Она серьёзно задумалась, не переклеить ли ей сдержанно-тусклые обои в какой-нибудь тропический цвет и не пригласить ли на ужин парочку-другую местных коров. Пусть и не столь хорошо воспитанные и ухоженные, но всё же компания. Кое-кто из офиса, из тех, кто любить мычать, мог бы заглянуть на домашние пирожки и обсудить новые обои.

Приглашения на чай с рафинадом, чай с кубиками, были разосланы в виде смс, и Вера срочно побежала по магазинам.
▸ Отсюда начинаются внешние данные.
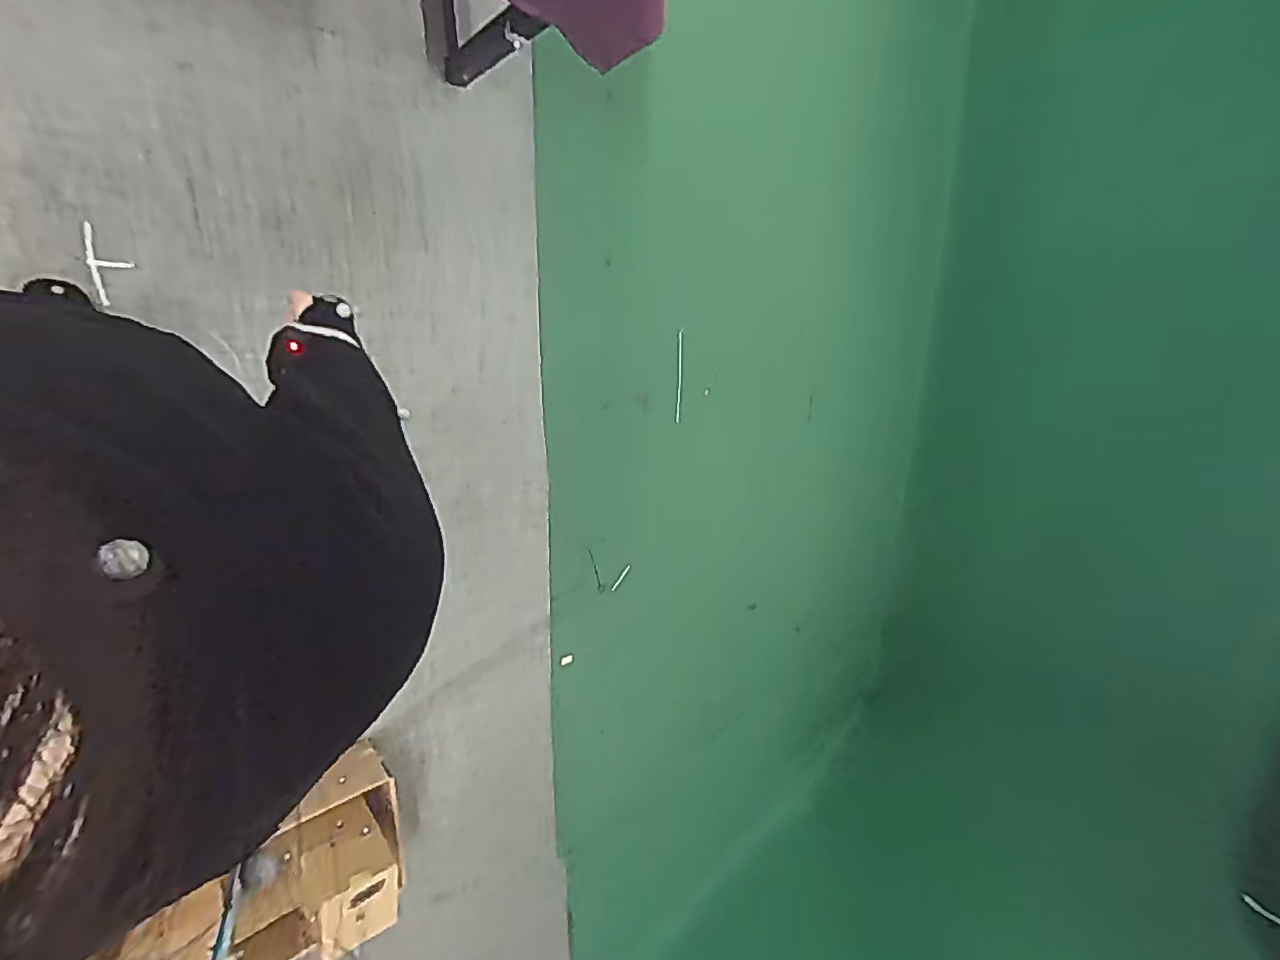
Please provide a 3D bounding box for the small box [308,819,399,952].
[{"bbox_3d":[-0.710,0.982,1.335,0.168,0.176,0.179,-4,106,-42],"label":"small box"}]
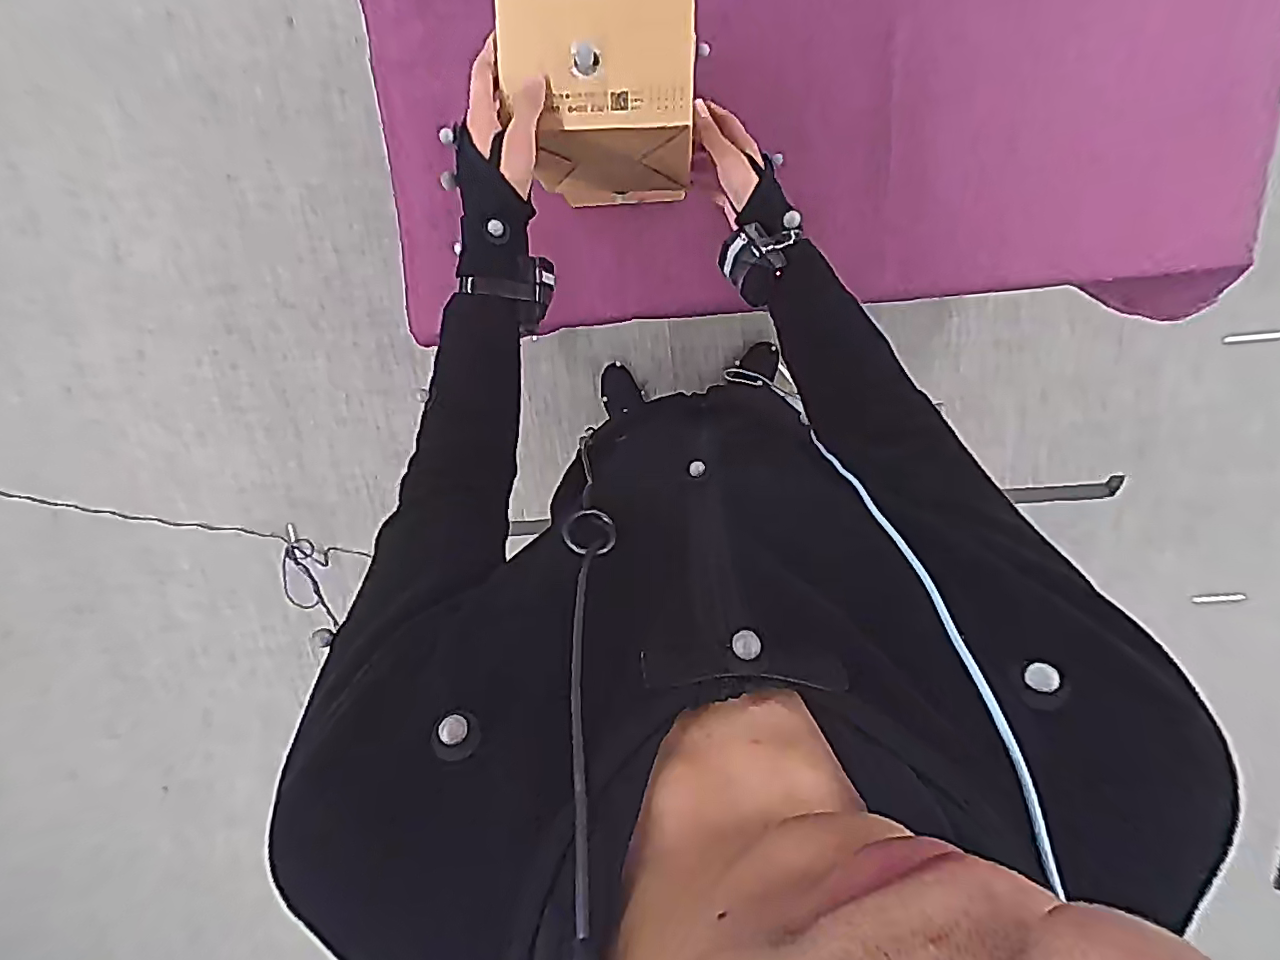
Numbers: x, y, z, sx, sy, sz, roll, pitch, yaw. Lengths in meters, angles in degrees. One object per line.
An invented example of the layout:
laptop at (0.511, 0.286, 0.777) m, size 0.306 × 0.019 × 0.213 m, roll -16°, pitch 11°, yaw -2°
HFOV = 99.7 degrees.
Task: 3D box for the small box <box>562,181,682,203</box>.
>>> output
small box at (-0.028, -0.462, 0.687) m, size 0.168 × 0.176 × 0.179 m, roll -2°, pitch 105°, yaw 1°

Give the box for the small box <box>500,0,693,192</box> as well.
small box at (-0.033, -0.392, 0.522) m, size 0.168 × 0.179 × 0.176 m, roll 1°, pitch 103°, yaw 4°

Жизнь помечена символами, как брэндами. Вроде и то же, а нет - дороже, ценнее, потому как называется по-другому. Универсально, оригинально, забрэндировано - факт. Жизнь делится на актуальную и не очень, в сущности оставаясь всё той же. Тем не менее, актуально обозначенное соответствующими символами бытие по причине своей передовитости привлекательно. Вера это почувствовала, ощутила сладость рафинада в чашке чая с бергамотом. Да и сколько можно плодить эту серость? Жизнь ярче и шире, чем две комнаты и окно в сырое небо, чем офисный стол в углу и громоздкий ящик старого компьютера. "Надо меняться, Вера Семеновна", - и три милые буренки приличествующих манер согласно кивнули.



Ну, что... никто, конечно, не пришел. Все приняли смс-приглашение за чью-то шутку. Чтобы Вера Семеновна? Да ну вас!

Тогда Вера купила торт киевский, любимый, и принесла на работу вместе с коробкой рафинада. К чаю.

Сахар был замечательным - так и таял в кипятке. Сладко и мило. И всем понравилось. И даже новый облик Веры не так уж раздражал глаз, а начинал казаться вполне уместным - к чаю очень даже ничего, как глазированный зеленым кремом кекс. Вера улыбалась, угощала, выкладывая кусочки на пластиковые тарелки, и болтала без умолку. Глаза ее светились, кожа сияла, и маленькая офисная кухня была уже не такой крохотной, а на удивление вместительной и уютной.

"Молодец, Вера Семеновна. Так все славно придумали, организовали", - радовалась Света, очаровательная, но не очень усердная в работе стажер. - "Давайте так каждую неделю!"

"Ой, как здорово Верочка придумала! Я могу слоенок напечь".

Вера согласно трясла лимонными локонами и счастливо улыбалась.

"Точно влюбилась", - хихикали довольные коллеги, слизывая крем с пальцев и сербая сладкий чай.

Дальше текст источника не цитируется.